Zunächst ergibt sich für die ersten beiden Konjunkturzyklen ab 1975 und ab 1982 in den Aufschwungjahren eine nahezu deckungsgleiche Dynamik beider Nachfrageaggregate. Dieser enge Gleichlauf von Exporten und Ausrüstungsinvestitionen war aber in der ersten Hälfte der 1990er-Jahre und im Zeitraum 2000 bis 2003 nicht mehr gegeben. Die Exporte konnten in diesen beiden Phasen nicht mehr im gewohnten Ausmaß die Investitionstätigkeit im Inland stimulieren. Als Ursachen für den unterbrochenen Transmissionsriemen vom Export hin zu den Inlandsinvestitionen können Probleme auf der Angebotsseite in Deutschland angeführt werden.

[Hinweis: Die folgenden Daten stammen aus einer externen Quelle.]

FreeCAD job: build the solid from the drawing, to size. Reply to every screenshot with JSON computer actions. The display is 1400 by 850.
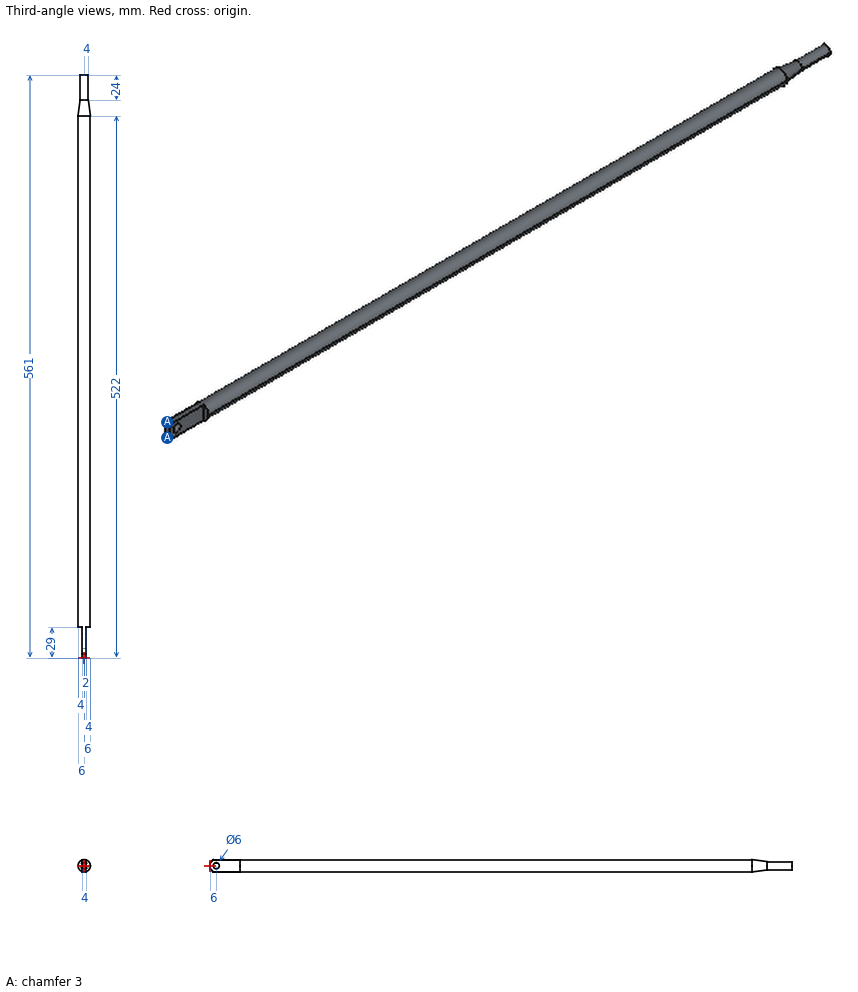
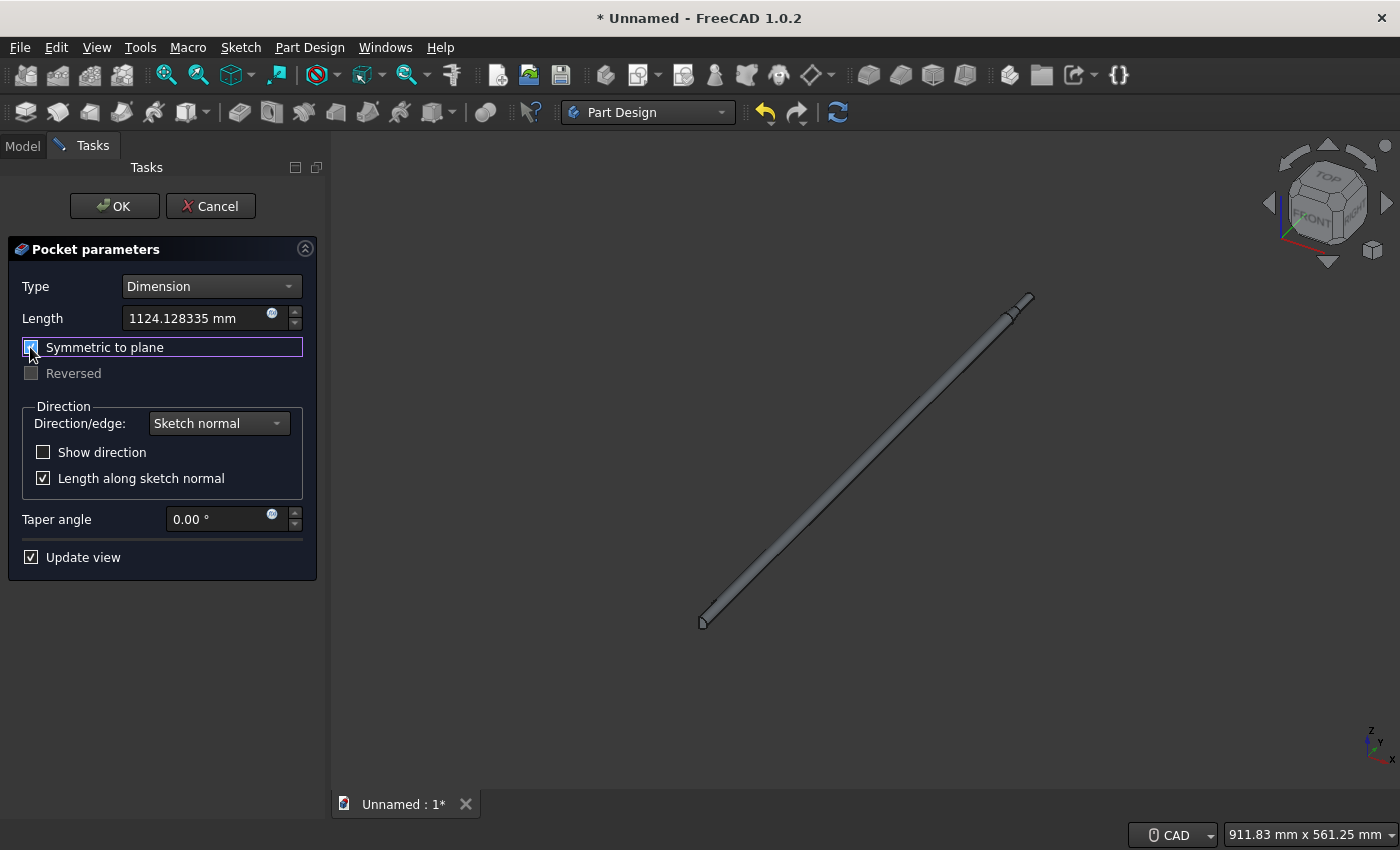
{"action": "left_click", "coordinate": [115, 206]}

Im internationalen Vergleich hohe Steuersätze und die vergleichsweise hohen Lohnstückkosten stellten ein Rendite- und Standorthandicap dar. Außerdem trug die Unsicherheit bezüglich der wirtschaftspolitischen Rahmenbedingungen zur Investitionszurückhaltung bei. Und nicht zuletzt boten sich in dieser Zeit – etwa durch die wirtschaftliche Öffnung der Länder Mittel- und Osteuropas – neue internationale Anlagealternativen.

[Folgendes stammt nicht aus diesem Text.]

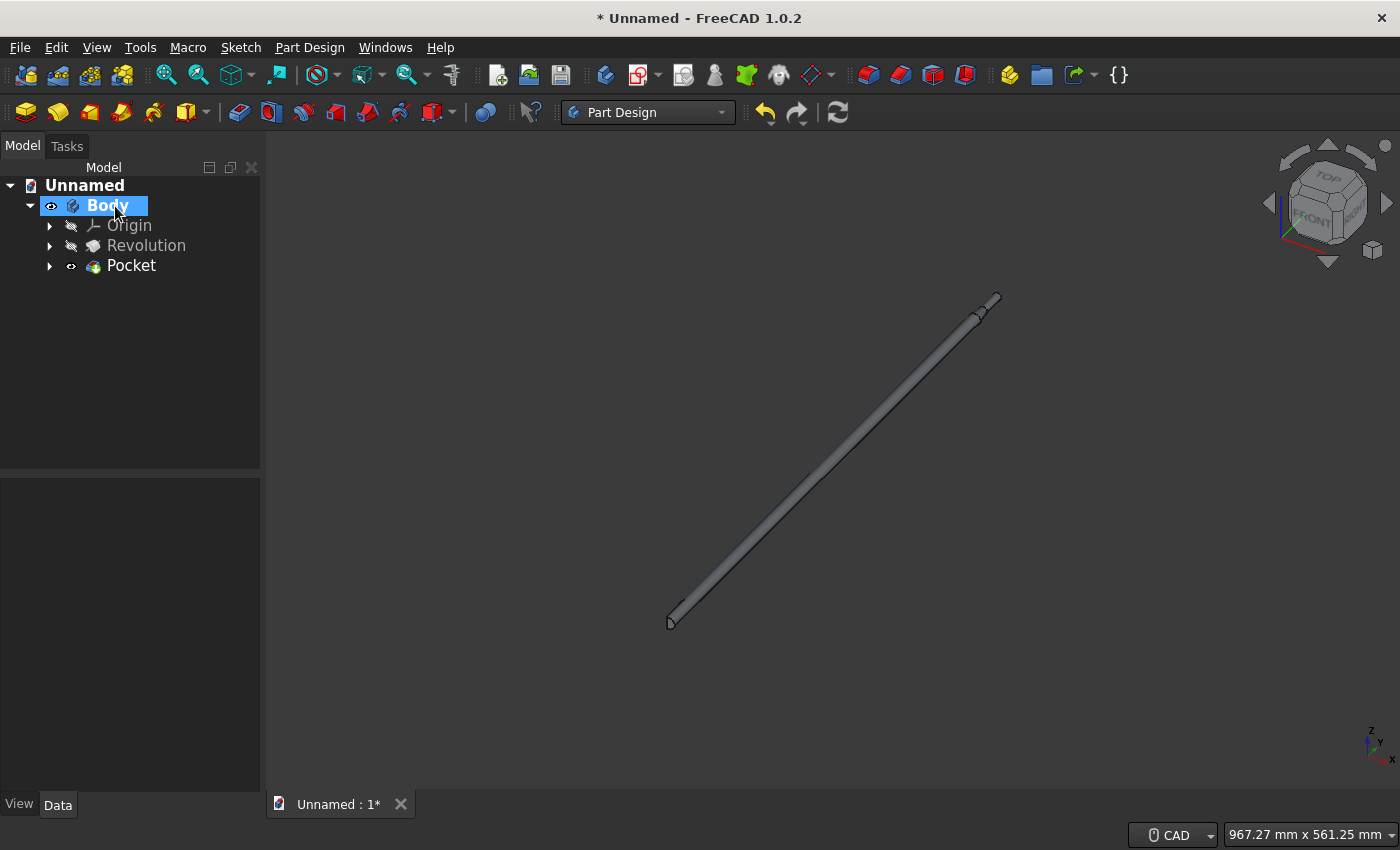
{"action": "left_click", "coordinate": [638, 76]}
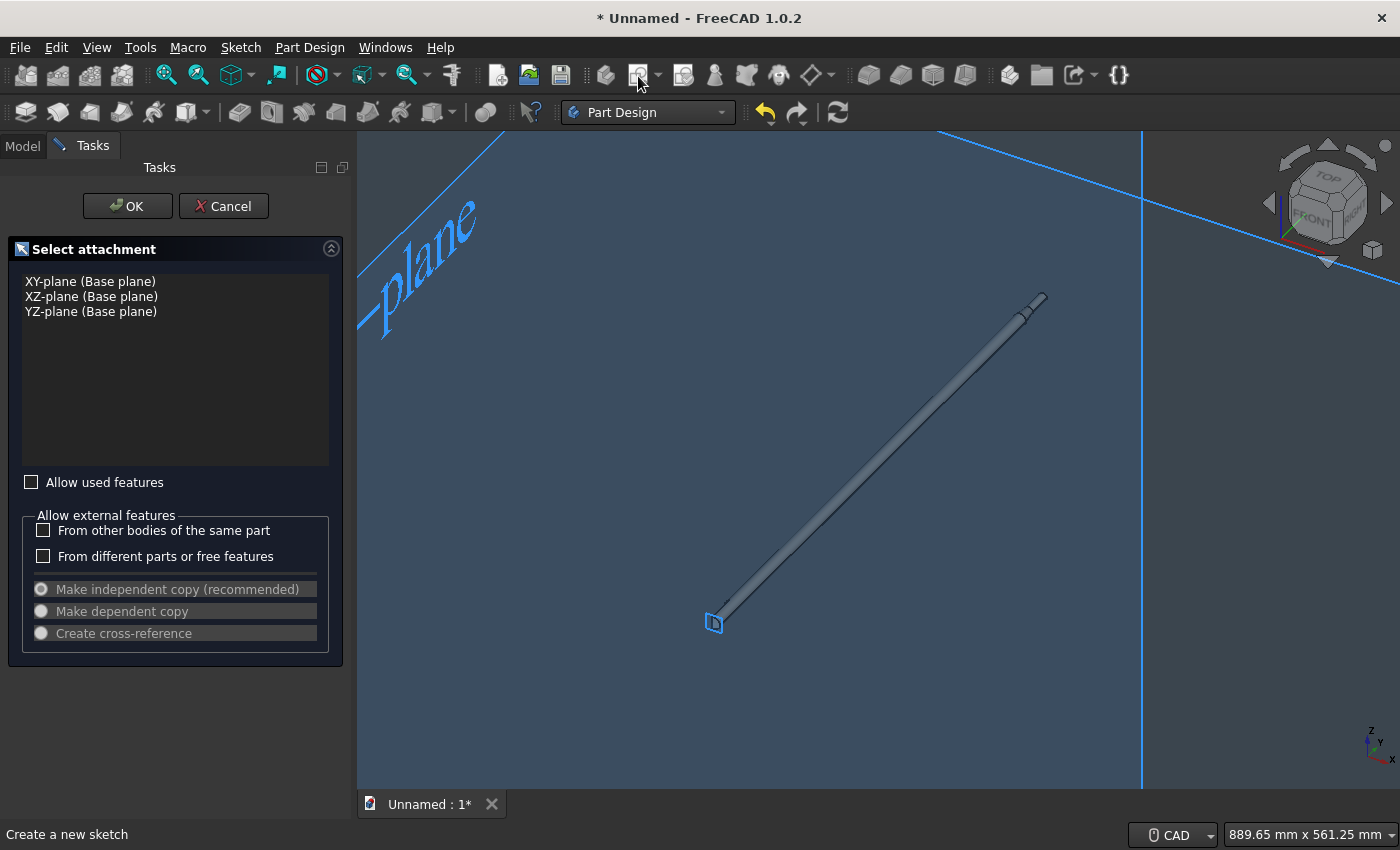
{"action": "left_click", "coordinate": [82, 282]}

Der im Jahr 2008 zu Ende gegangene Aufschwung war dagegen wieder von einem bemerkenswert engen Gleichlauf von Exporten und Ausrüstungsinvestitionen geprägt. Angebotsseitige Belastungen wie zur Jahrtausendwende waren offenbar nicht dominierend. Im Zeitraum 2003 bis 2008 stiegen die realen Exporte um insgesamt 48 Prozent und die preisbereinigten Ausrüstungsinvestitionen um insgesamt 41 Prozent an. Damit wurde das Wachstum in Deutschland nicht nur vom Außenbeitrag, also dem Exportüberschuss, sondern auch von der Investitionstätigkeit im Inland angetrieben. Das Krisenjahr 2009 war schließlich von einem starken Einbruch der Exporte und der Investitionen geprägt.

Erfreulicherweise wird die in erster Linie über die Ausfuhrtätigkeit stimulierte Erholung in Deutschland bereits im Jahr 2010 wieder von einer anziehenden Investitionstätigkeit begleitet. Damit läuft auch in der gegenwärtigen Erholungsphase die deutsche Konjunktur nicht mit Schlagseite, sondern auf dem Auslands- und dem Inlandsbein. Jedwede Verschlechterung der Angebots- und Standortbedingungen gefährdet diesen Gleichlauf. Für die Wirtschaftspolitik bedeutet dies: Ihr Fokus muss weg von der kurzfristigen Konjunkturfixierung und hin zum langfristigen Wachstumspfad gerichtet werden. Die wichtigsten Aufgaben der Wirtschaftspolitik in Deutschland sind die Stärkung der Angebotsseite über eine ausgabenseitige Konsolidierung der öffentlichen Haushalte sowie die permanente Verbesserung der Investitionsbedingungen zur Weiterentwicklung des Produktionspotenzials.